Operation CHARM: Car repair manuals for everyone.

(A) "Huck Fastener"

Lower Left Front # 1 Crossmember Rivet Replacement

This procedure should be done on flat ground or on a drive-on lift, with the wheels pointed straight and full weight resting on the wheels. This fastener could be either a standard cold head rivet in light duty applications or a large "huck" bolt which has the appearance of a large "pop" rivet.

NOTE:
USE WARRANTY DEALER CODING: 5020, AS BASIC PART NO.

1. Remove damaged or loose rivet:

COLD HEAD RIVETS:

^ Drill a 3.175 mm (1/8") hole through the rivet.

^ Redrill the same hole through the shank of the rivet with a 9.525 mm (3/8") drill.

^ Remove the rivet head with an air chisel.

^ Drive out the rivet with a punch and hammer.

"HUCK" RIVETS:





^ Use a flat chisel and hammer (or air chisel) to split the exposed collar of the huck fastener (Figure 1).

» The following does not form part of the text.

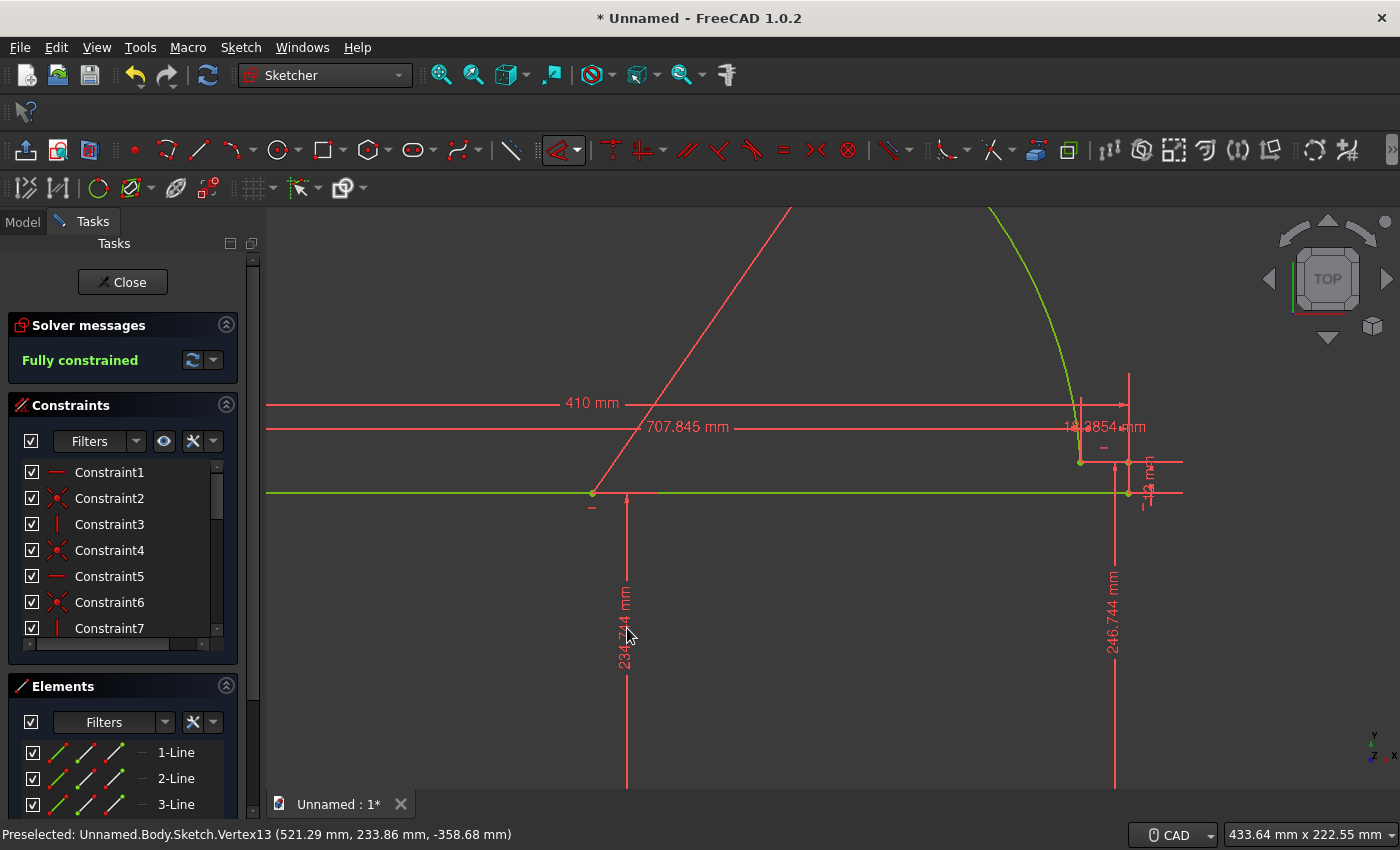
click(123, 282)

^ Knock the rivet pin out of the blind side with a 6.35 mm (1/4") drift punch and hammer (Figure 2).





^ Cut the rivet's head off with a hammer and flat chisel (Figure 3).





^ Knock the sleeve out of the blind side with a 9.525 mm (3/8") drift punch and hammer (Figure 4).

CAUTION:
DO NOT REMOVE THE FASTENER WITH A CUTTING TORCH BECAUSE DAMAGE TO THE FRAME STRUCTURE IS LIKELY TO RESULT.

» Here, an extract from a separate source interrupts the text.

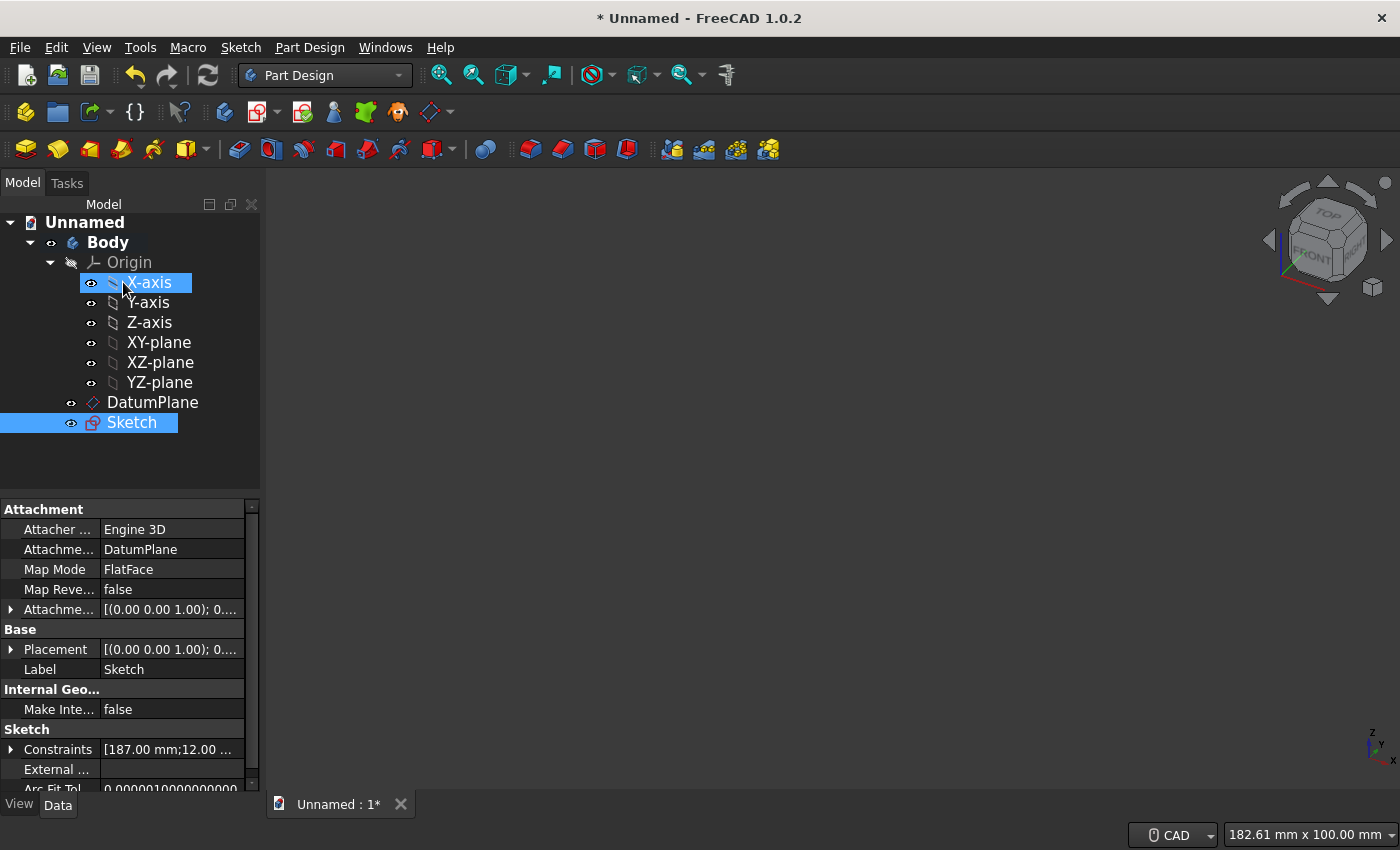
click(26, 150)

2. After removing the rivet, verify the noise came from this location by pounding a wedge between the crossmember and the frame liner, then driving the vehicle to reproduce the noise. The wedge will lift the crossmember off of the inner frame liner and eliminate any noise if the lower left front # 1 crossmember joint is the source of the noise.

3. With the wedge still in place, insert the Bearing Strip (F6TZ-5D033-BA) between the # 1 crossmember and frame liner Align the strip approximately centered and extending well past the hole location. Remove the wedge and drill a 11.113 mm (7/16") diameter hole through the bearing strip.

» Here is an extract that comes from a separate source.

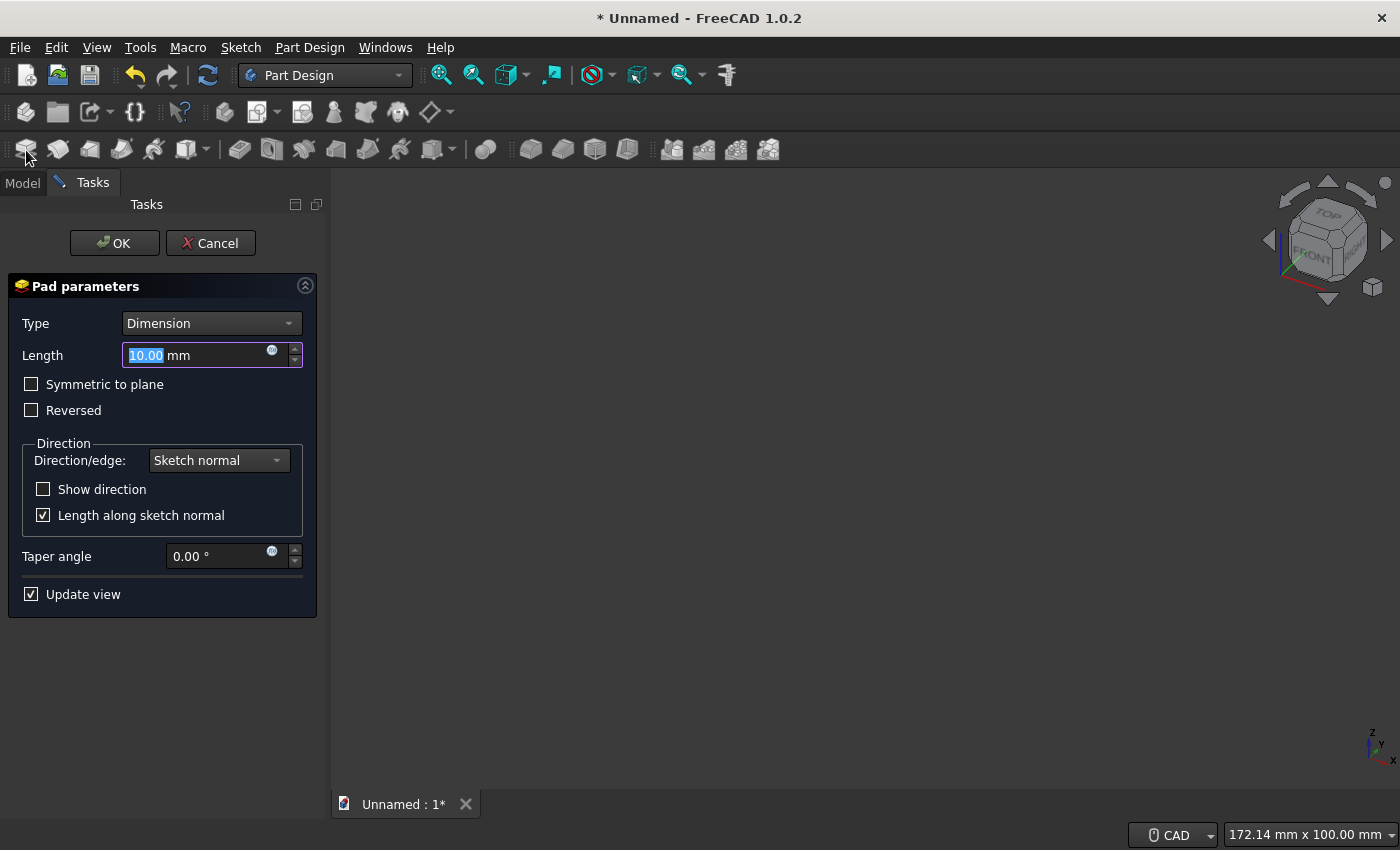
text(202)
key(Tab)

4. Line ream the existing hole through the liner, frame flange and crossmember to 14.288 mm (9/16") (Figure 5). Remove any burrs after reaming.

NOTE:
TO PROPERLY REAM THE HOLE ON A VEHICLE WITH LEAF SPRINGS, THE SPRING MUST BE REMOVED TO PROVIDE VERTICAL ACCESS TO THE RIVET HOLE.





5. Install a 9/16" Grade 8 torque prevailing Nut (34990-S2) with a Washer (44880-S2) and a Grade 8 Bolt (58698-S2) with a Washer (44880-S2) (Figure 6).

a. Slide the bolt and washer into the "window" opening on the outside of the frame siderail, and insert it into the newly-reamed hole.

NOTE:
ON VEHICLES WITH QUAD SHOCK ABSORBERS, IT MAY BE NECESSARY TO REMOVE THE SHOCK/SPRING TOWER TO GAIN ACCESS TO THE "WINDOW" IN THE SIDERAIL.

b. Install the washer and nut and torque nut to 190 14 Nm (140 13 lb-ft). Turn the wheels lock-to-lock several times to seat the joint and retorque. Tack weld the nut to the bolt after tightening.

CAUTION:
DO NOT WELD THE NUT/WASHER TO THE FRAME.

NOTE:
ON HEAVY DUTY VEHICLES, IT MAY BE NECESSARY TO UPGRADE THE REPLACEMENT FASTENER TO A 5/8" GRADE 8 TORQUE PREVAILING NUT (34991-S2), BOLT (58720-S100) AND TWO (2) WASHERS (44881-S2) TORQUED TO 250 ±6.8 Nm (185 ±5 LB-FT).